Meilir Page-Jones uses the term connascence (defined in dictionaries as the property of being born and having grown together) to describe the relation that exists between two features when they are closely connected, based on a criterion of simultaneous change: a change to one will imply a change to the other. As he points out, you should minimize connascence across class libraries; but features that appear within a given class should all be related to the same clearly identified abstraction.

This universal guideline deserves to be expressed as a methodological rule (presented in "positive" form although it follows a discussion of possible mistakes):

Class Consistency principle

All the features of a class must pertain to a single, well-identified abstraction.

The ideal class

This review of possible mistakes highlights, by contrast, what the ideal class will look like. Here are some of the typical properties:

There is a clearly associated abstraction, which can be described as a data abstraction (or as an abstract machine).
The class name is a noun or adjective, adequately characterizing the abstraction.
The class represents a set of possible run-time objects, its instances. (Some classes are meant to have only one instance during an execution; that is acceptable too.)
Several queries are available to find out properties of an instance.
Several commands are available to change the state of an instance. (In some cases, there are no commands but instead functions producing other objects of the same type, as with the operations on integers; that is acceptable too.)
Abstract properties can be stated, informally or (preferably) formally, describing: how the results of the various queries relate to each other (this will yield the invariant); under what conditions features are applicable (preconditions); how command execution affects query results (postconditions).

This list describes a set of informal goals, not a strict rule. A legitimate class may have only some of the properties listed. Most of the examples that play an important role in this book -- from LIST and QUEUE to BUFFER, ACCOUNT, COMMAND, STATE, INTEGER, FIGURE, POLYGON and many others -- have them all.

22.3 GENERAL HEURISTICS FOR FINDING CLASSES

Let us now turn to the positive part of our discussion: practical heuristics for finding classes.

Class categories

We may first note that there are three broad categories of classes: analysis classes, design classes and implementation classes. The division is neither absolute nor rigorous (for example one could find arguments to support attaching a deferred class LIST to any one of the three categories), but it is convenient as a general guideline.

An analysis class describes a data abstraction directly drawn from the model of the external system. PLANE in a traffic control system, PARAGRAPH in a document processing system, PART in an inventory control system are typical examples.

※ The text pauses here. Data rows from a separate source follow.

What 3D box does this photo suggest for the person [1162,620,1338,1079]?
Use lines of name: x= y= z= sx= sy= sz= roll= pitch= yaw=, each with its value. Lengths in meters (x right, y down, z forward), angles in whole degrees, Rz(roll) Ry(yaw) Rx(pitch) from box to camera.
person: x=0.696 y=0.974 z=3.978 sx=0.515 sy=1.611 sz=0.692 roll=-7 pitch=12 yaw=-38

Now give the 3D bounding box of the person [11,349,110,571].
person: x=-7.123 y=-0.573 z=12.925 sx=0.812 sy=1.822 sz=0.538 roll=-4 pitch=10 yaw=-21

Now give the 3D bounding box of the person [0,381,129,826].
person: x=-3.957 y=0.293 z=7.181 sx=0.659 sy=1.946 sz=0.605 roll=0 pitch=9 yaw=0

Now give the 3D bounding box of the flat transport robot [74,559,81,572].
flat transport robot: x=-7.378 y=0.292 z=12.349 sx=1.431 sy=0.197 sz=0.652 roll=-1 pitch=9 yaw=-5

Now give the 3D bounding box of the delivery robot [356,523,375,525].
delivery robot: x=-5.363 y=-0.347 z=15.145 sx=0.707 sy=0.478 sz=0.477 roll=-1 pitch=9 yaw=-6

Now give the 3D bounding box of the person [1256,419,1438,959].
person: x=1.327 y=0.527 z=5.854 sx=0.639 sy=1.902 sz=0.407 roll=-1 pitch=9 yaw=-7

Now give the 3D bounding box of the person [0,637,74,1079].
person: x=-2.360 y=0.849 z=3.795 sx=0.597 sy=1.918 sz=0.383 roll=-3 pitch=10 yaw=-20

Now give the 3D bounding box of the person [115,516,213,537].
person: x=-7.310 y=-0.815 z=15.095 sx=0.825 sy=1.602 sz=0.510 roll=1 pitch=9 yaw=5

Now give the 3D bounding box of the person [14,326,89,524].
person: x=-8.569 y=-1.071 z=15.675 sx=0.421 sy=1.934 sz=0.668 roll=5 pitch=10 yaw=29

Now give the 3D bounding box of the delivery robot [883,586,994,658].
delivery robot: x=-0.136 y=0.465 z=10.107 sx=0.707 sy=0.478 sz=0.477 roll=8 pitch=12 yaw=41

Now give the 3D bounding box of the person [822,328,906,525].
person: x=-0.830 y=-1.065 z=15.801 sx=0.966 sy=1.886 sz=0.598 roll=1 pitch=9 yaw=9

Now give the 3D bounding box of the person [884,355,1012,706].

An implementation class describes a data abstraction introduced for the internal needs of the algorithms in the software, such as LINKED_LIST or ARRAY.

In-between, a design class describes an architectural choice. Examples included COMMAND in the solution to the undo-redo problem, and STATE in the solution to the problem of panel-driven systems. Like implementation classes, design classes belong to the solution space, whereas analysis classes belong to the problem space. But like analysis classes and unlike implementation classes they describe high-level concepts.

As we study how to obtain classes in these three categories, we will find that design classes are the most difficult to identify, because they require the kind of architectural insight that sets the gifted designer apart. (That they are the most difficult to find does not mean they are the most difficult to build, a distinction that usually belongs to the implementation classes, unless of course you come across a ready-to-be-reused implementation library.)

External objects: finding the analysis classes

Let us start with the analysis classes, modeled after external objects.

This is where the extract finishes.